- **WORK INSTRUCTION**: Tally every line of the records below that includes "open", and reply with the total alone.

--- INPUT DATA Enclosed Below ---

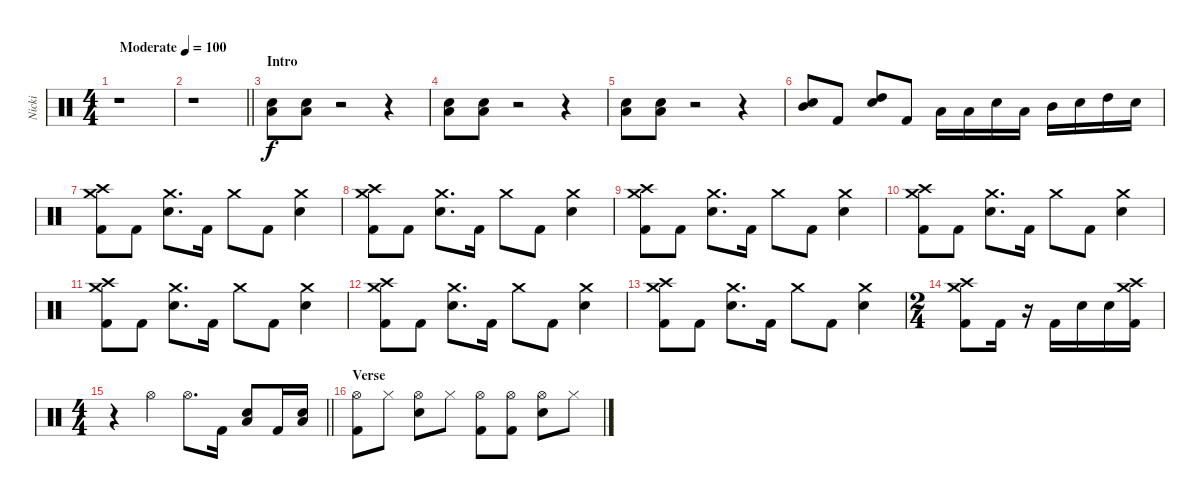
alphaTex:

\track ("Nicki" "Nicki") {instrument percussion}
\staff {score}
\articulation defaults
\ts (4 4)
\tempo (100 "Moderate")
\clef neutral
\ks c
r.1{dy f} |
\barLineRight lightlight
r.1 |
\section ("" "Intro")
("Snare (hit) 2" "Low Floor Tom (hit)").8 ("Snare (hit) 2" "Low Floor Tom (hit)").8 r.2 r.4 |
("Snare (hit) 2" "Low Floor Tom (hit)").8 ("Snare (hit) 2" "Low Floor Tom (hit)").8 r.2 r.4 |
("Snare (hit) 2" "Low Floor Tom (hit)").8 ("Snare (hit) 2" "Low Floor Tom (hit)").8 r.2 r.4 |
("Mid Tom (hit)" "Snare (hit) 2").8 "Kick (hit) 2".8 ("High Tom (hit)" "Snare (hit) 2").8 "Kick (hit) 2".8 "Low Floor Tom (hit)".16 "Low Floor Tom (hit)".16 "Snare (hit) 2".16 "Low Floor Tom (hit)".16 "Mid Tom (hit)".16 "Snare (hit) 2".16 "High Tom (hit)".16 "Snare (hit) 2".16 |
("Crash medium (hit)" "Crash high (hit)" "Kick (hit) 2").8 "Kick (hit) 2".8 ("Crash medium (hit)" "Snare (hit) 2").8{d} "Kick (hit) 2".16 "Crash medium (hit)".8 "Kick (hit) 2".8 ("Crash medium (hit)" "Snare (hit) 2").4 |
("Crash medium (hit)" "Crash high (hit)" "Kick (hit) 2").8 "Kick (hit) 2".8 ("Crash medium (hit)" "Snare (hit) 2").8{d} "Kick (hit) 2".16 "Crash medium (hit)".8 "Kick (hit) 2".8 ("Crash medium (hit)" "Snare (hit) 2").4 |
("Crash medium (hit)" "Crash high (hit)" "Kick (hit) 2").8 "Kick (hit) 2".8 ("Crash medium (hit)" "Snare (hit) 2").8{d} "Kick (hit) 2".16 "Crash medium (hit)".8 "Kick (hit) 2".8 ("Crash medium (hit)" "Snare (hit) 2").4 |
("Crash medium (hit)" "Crash high (hit)" "Kick (hit) 2").8 "Kick (hit) 2".8 ("Crash medium (hit)" "Snare (hit) 2").8{d} "Kick (hit) 2".16 "Crash medium (hit)".8 "Kick (hit) 2".8 ("Crash medium (hit)" "Snare (hit) 2").4 |
("Crash medium (hit)" "Crash high (hit)" "Kick (hit) 2").8 "Kick (hit) 2".8 ("Crash medium (hit)" "Snare (hit) 2").8{d} "Kick (hit) 2".16 "Crash medium (hit)".8 "Kick (hit) 2".8 ("Crash medium (hit)" "Snare (hit) 2").4 |
("Crash medium (hit)" "Crash high (hit)" "Kick (hit) 2").8 "Kick (hit) 2".8 ("Crash medium (hit)" "Snare (hit) 2").8{d} "Kick (hit) 2".16 "Crash medium (hit)".8 "Kick (hit) 2".8 ("Crash medium (hit)" "Snare (hit) 2").4 |
("Crash medium (hit)" "Crash high (hit)" "Kick (hit) 2").8 "Kick (hit) 2".8 ("Crash medium (hit)" "Snare (hit) 2").8{d} "Kick (hit) 2".16 "Crash medium (hit)".8 "Kick (hit) 2".8 ("Crash medium (hit)" "Snare (hit) 2").4 |
\ts (2 4)
("Crash medium (hit)" "Crash high (hit)" "Kick (hit) 2").8 "Kick (hit) 2".16 r.16 "Kick (hit) 2".16 "Snare (hit) 2".16 "Snare (hit) 2".16 ("Crash medium (hit)" "Crash high (hit)" "Kick (hit) 2").16 |
\ts (4 4)
\barLineRight lightlight
r.4 "Hi-Hat (open)".4 "Hi-Hat (open)".8{d} "Kick (hit) 2".16 ("Snare (hit) 2" "Low Floor Tom (hit)").8 "Kick (hit) 2".16 ("Snare (hit) 2" "Low Floor Tom (hit)").16 |
\section ("" "Verse")
("Hi-Hat (open)" "Kick (hit) 2").8 "Hi-Hat (closed)".8 ("Hi-Hat (open)" "Snare (hit) 2").8 "Hi-Hat (closed)".8 ("Hi-Hat (open)" "Kick (hit) 2").8 ("Hi-Hat (open)" "Kick (hit) 2").8 ("Hi-Hat (open)" "Snare (hit) 2").8 "Hi-Hat (closed)".8
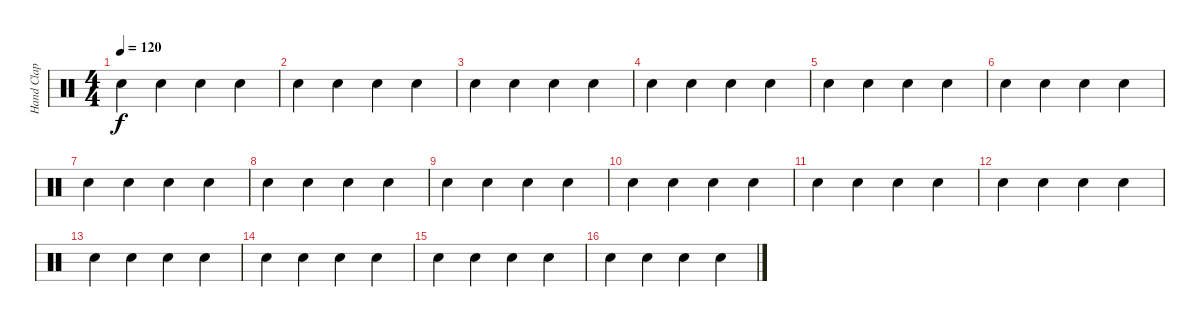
\track ("Hand Clap" "Hand Clap") {instrument percussion}
\staff {score}
\articulation defaults
\ts (4 4)
\tempo 120
\clef neutral
\ks c "Hand Clap (hit)".4{dy f} "Hand Clap (hit)".4 "Hand Clap (hit)".4 "Hand Clap (hit)".4
|
"Hand Clap (hit)".4 "Hand Clap (hit)".4 "Hand Clap (hit)".4 "Hand Clap (hit)".4 |
"Hand Clap (hit)".4 "Hand Clap (hit)".4 "Hand Clap (hit)".4 "Hand Clap (hit)".4 |
"Hand Clap (hit)".4 "Hand Clap (hit)".4 "Hand Clap (hit)".4 "Hand Clap (hit)".4 |
"Hand Clap (hit)".4 "Hand Clap (hit)".4 "Hand Clap (hit)".4 "Hand Clap (hit)".4 |
"Hand Clap (hit)".4 "Hand Clap (hit)".4 "Hand Clap (hit)".4 "Hand Clap (hit)".4 |
"Hand Clap (hit)".4 "Hand Clap (hit)".4 "Hand Clap (hit)".4 "Hand Clap (hit)".4 |
"Hand Clap (hit)".4 "Hand Clap (hit)".4 "Hand Clap (hit)".4 "Hand Clap (hit)".4 |
"Hand Clap (hit)".4 "Hand Clap (hit)".4 "Hand Clap (hit)".4 "Hand Clap (hit)".4 |
"Hand Clap (hit)".4 "Hand Clap (hit)".4 "Hand Clap (hit)".4 "Hand Clap (hit)".4 |
"Hand Clap (hit)".4 "Hand Clap (hit)".4 "Hand Clap (hit)".4 "Hand Clap (hit)".4 |
"Hand Clap (hit)".4 "Hand Clap (hit)".4 "Hand Clap (hit)".4 "Hand Clap (hit)".4 |
"Hand Clap (hit)".4 "Hand Clap (hit)".4 "Hand Clap (hit)".4 "Hand Clap (hit)".4 |
"Hand Clap (hit)".4 "Hand Clap (hit)".4 "Hand Clap (hit)".4 "Hand Clap (hit)".4 |
"Hand Clap (hit)".4 "Hand Clap (hit)".4 "Hand Clap (hit)".4 "Hand Clap (hit)".4 |
"Hand Clap (hit)".4 "Hand Clap (hit)".4 "Hand Clap (hit)".4 "Hand Clap (hit)".4
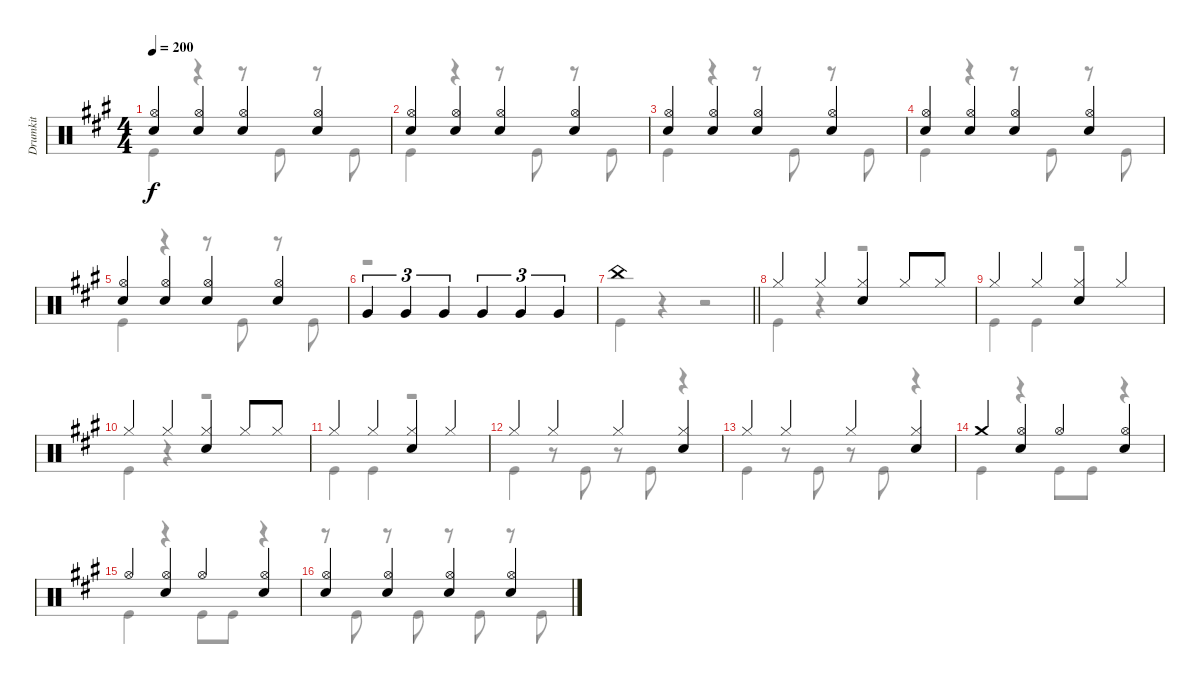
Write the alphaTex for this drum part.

\track ("Drumkit" "Drumkit") {instrument percussion}
\staff {score}
\articulation defaults
\voice
\ts (4 4)
\tempo 200
\clef neutral
\ks a
("Snare (hit) 2" "Hi-Hat (open)").4{dy f} ("Snare (hit) 2" "Hi-Hat (open)").4 ("Snare (hit) 2" "Hi-Hat (open)").4 ("Snare (hit) 2" "Hi-Hat (open)").4 |
("Snare (hit) 2" "Hi-Hat (open)").4 ("Snare (hit) 2" "Hi-Hat (open)").4 ("Snare (hit) 2" "Hi-Hat (open)").4 ("Snare (hit) 2" "Hi-Hat (open)").4 |
("Snare (hit) 2" "Hi-Hat (open)").4 ("Snare (hit) 2" "Hi-Hat (open)").4 ("Snare (hit) 2" "Hi-Hat (open)").4 ("Snare (hit) 2" "Hi-Hat (open)").4 |
("Snare (hit) 2" "Hi-Hat (open)").4 ("Snare (hit) 2" "Hi-Hat (open)").4 ("Snare (hit) 2" "Hi-Hat (open)").4 ("Snare (hit) 2" "Hi-Hat (open)").4 |
("Snare (hit) 2" "Hi-Hat (open)").4 ("Snare (hit) 2" "Hi-Hat (open)").4 ("Snare (hit) 2" "Hi-Hat (open)").4 ("Snare (hit) 2" "Hi-Hat (open)").4 |
"Very Low Tom (hit)".4{tu (3 2)} "Very Low Tom (hit)".4{tu (3 2)} "Very Low Tom (hit)".4{tu (3 2)} "Very Low Tom (hit)".4{tu (3 2)} "Very Low Tom (hit)".4{tu (3 2)} "Very Low Tom (hit)".4{tu (3 2)} |
\barLineRight lightlight "China (hit)".1
|
\section ("" "")
"Hi-Hat (closed)".4 "Hi-Hat (closed)".4 ("Hi-Hat (closed)" "Snare (hit) 2").4 "Hi-Hat (closed)".8 "Hi-Hat (closed)".8 |
"Hi-Hat (closed)".4 "Hi-Hat (closed)".4 ("Hi-Hat (closed)" "Snare (hit) 2").4 "Hi-Hat (closed)".4 |
"Hi-Hat (closed)".4 "Hi-Hat (closed)".4 ("Hi-Hat (closed)" "Snare (hit) 2").4 "Hi-Hat (closed)".8 "Hi-Hat (closed)".8 |
"Hi-Hat (closed)".4 "Hi-Hat (closed)".4 ("Hi-Hat (closed)" "Snare (hit) 2").4 "Hi-Hat (closed)".4 |
"Hi-Hat (closed)".4 "Hi-Hat (closed)".4 "Hi-Hat (closed)".4 ("Hi-Hat (closed)" "Snare (hit) 2").4 |
"Hi-Hat (closed)".4 "Hi-Hat (closed)".4 "Hi-Hat (closed)".4 ("Hi-Hat (closed)" "Snare (hit) 2").4 |
"Crash medium (hit)".4 ("Hi-Hat (open)" "Snare (hit) 2").4 "Hi-Hat (open)".4 ("Hi-Hat (open)" "Snare (hit) 2").4 |
"Hi-Hat (open)".4 ("Hi-Hat (open)" "Snare (hit) 2").4 "Hi-Hat (open)".4 ("Hi-Hat (open)" "Snare (hit) 2").4 |
("Snare (hit) 2" "Hi-Hat (open)").4 ("Snare (hit) 2" "Hi-Hat (open)").4 ("Snare (hit) 2" "Hi-Hat (open)").4 ("Snare (hit) 2" "Hi-Hat (open)").4
\voice
\clef neutral
\ottava regular
\simile none
\ks a "Kick (hit)".4{dy f}
r.4 r.8 "Kick (hit)".8 r.8 "Kick (hit)".8 |
"Kick (hit)".4 r.4 r.8 "Kick (hit)".8 r.8 "Kick (hit)".8 |
"Kick (hit)".4 r.4 r.8 "Kick (hit)".8 r.8 "Kick (hit)".8 |
"Kick (hit)".4 r.4 r.8 "Kick (hit)".8 r.8 "Kick (hit)".8 |
"Kick (hit)".4 r.4 r.8 "Kick (hit)".8 r.8 "Kick (hit)".8 |
r.1 |
\barLineRight lightlight "Kick (hit)".4
r.4 r.2 |
"Kick (hit)".4 r.4 r.2 |
"Kick (hit)".4 "Kick (hit)".4 r.2 |
"Kick (hit)".4 r.4 r.2 |
"Kick (hit)".4 "Kick (hit)".4 r.2 |
"Kick (hit)".4 r.8 "Kick (hit)".8 r.8 "Kick (hit)".8 r.4 |
"Kick (hit)".4 r.8 "Kick (hit)".8 r.8 "Kick (hit)".8 r.4 |
"Kick (hit)".4 r.4 "Kick (hit)".8 "Kick (hit)".8 r.4 |
"Kick (hit)".4 r.4 "Kick (hit)".8 "Kick (hit)".8 r.4 |
r.8 "Kick (hit)".8 r.8 "Kick (hit)".8 r.8 "Kick (hit)".8 r.8 "Kick (hit)".8

--- End of Enclosed INPUT DATA ---

- **WRITTEN ANSWER**: 10